*EXERCISE BRIEF*. Scan the listing below and copy each line holding the word "lineweight".

*DATA*.
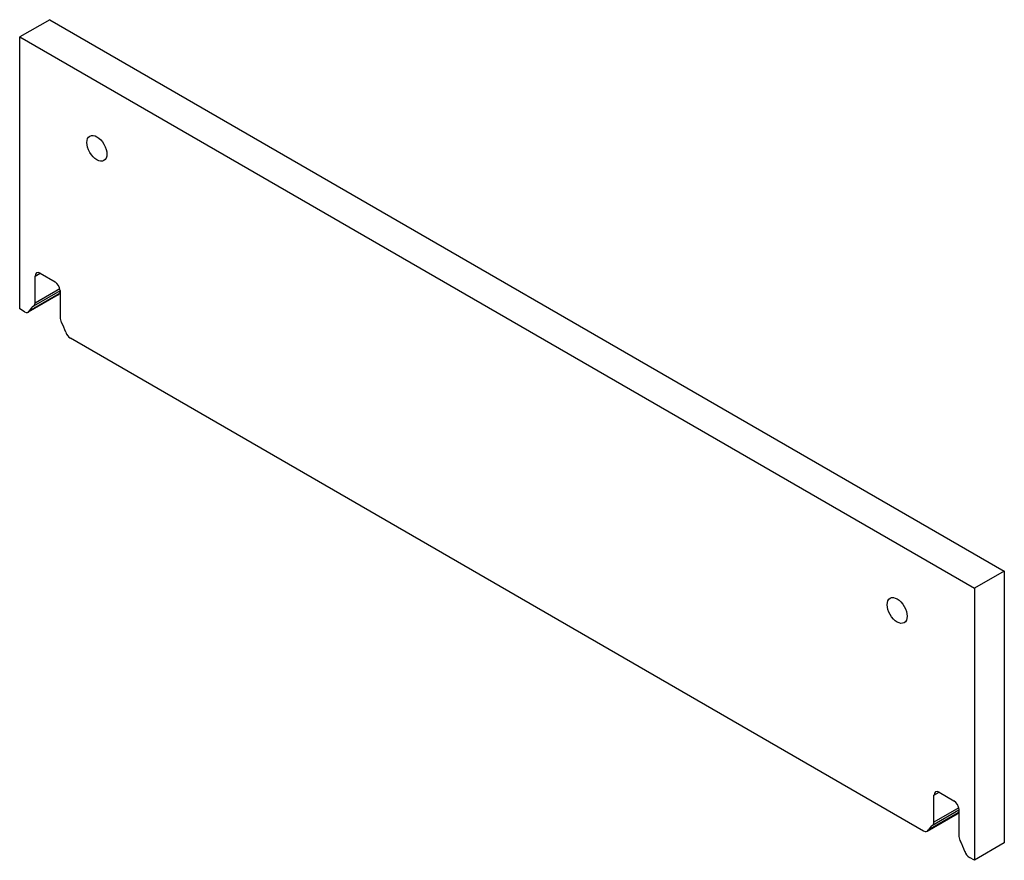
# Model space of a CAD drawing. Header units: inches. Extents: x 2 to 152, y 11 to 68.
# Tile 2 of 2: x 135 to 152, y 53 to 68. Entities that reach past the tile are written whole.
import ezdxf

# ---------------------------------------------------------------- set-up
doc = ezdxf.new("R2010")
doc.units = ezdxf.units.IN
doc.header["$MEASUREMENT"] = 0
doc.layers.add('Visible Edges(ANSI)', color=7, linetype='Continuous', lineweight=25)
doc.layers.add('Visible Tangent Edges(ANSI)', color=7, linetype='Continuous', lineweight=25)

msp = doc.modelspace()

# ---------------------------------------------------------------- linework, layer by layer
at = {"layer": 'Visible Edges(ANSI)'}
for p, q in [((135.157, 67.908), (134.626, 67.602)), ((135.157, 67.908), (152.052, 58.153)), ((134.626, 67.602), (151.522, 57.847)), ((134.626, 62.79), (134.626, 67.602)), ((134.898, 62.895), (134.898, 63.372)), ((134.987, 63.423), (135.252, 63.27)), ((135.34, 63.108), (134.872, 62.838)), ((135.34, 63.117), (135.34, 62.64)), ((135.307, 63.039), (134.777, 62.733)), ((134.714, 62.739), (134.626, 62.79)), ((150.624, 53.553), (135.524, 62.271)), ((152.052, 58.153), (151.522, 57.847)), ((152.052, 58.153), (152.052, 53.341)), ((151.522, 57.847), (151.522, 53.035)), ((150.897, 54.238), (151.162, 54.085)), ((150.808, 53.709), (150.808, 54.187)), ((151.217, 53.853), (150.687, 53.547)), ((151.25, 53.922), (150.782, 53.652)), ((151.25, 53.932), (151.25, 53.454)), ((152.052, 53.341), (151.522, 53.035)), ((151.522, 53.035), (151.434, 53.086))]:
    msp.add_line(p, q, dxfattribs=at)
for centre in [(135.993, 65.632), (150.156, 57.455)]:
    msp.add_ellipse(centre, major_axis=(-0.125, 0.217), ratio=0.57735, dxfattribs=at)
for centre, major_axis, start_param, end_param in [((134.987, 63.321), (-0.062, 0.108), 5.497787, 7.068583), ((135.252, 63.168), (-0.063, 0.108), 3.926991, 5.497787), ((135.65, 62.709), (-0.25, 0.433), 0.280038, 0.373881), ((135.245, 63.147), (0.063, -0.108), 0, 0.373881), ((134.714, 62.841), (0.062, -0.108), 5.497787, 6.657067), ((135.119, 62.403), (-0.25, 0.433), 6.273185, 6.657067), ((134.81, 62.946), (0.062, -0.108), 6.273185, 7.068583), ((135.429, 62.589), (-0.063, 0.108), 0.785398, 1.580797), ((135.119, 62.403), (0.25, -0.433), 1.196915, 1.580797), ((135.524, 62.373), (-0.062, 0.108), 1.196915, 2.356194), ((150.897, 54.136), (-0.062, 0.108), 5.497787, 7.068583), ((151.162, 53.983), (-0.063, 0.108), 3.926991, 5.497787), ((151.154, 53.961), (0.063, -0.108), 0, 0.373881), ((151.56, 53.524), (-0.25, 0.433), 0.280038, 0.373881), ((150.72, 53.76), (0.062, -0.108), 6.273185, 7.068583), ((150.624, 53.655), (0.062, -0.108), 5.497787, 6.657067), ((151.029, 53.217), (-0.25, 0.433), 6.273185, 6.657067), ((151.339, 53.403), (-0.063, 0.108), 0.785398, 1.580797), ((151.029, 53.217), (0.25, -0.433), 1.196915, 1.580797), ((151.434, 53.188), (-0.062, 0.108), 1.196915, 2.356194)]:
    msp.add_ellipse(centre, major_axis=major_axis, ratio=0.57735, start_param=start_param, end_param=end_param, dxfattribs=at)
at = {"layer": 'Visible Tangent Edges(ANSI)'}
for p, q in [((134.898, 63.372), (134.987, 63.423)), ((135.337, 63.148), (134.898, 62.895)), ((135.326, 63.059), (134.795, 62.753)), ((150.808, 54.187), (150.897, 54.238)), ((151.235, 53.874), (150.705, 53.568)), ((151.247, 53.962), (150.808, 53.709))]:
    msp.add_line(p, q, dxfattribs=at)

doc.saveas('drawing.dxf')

*RESPONSE TO THE TASK*.
doc.layers.add('Visible Edges(ANSI)', color=7, linetype='Continuous', lineweight=25)
doc.layers.add('Visible Tangent Edges(ANSI)', color=7, linetype='Continuous', lineweight=25)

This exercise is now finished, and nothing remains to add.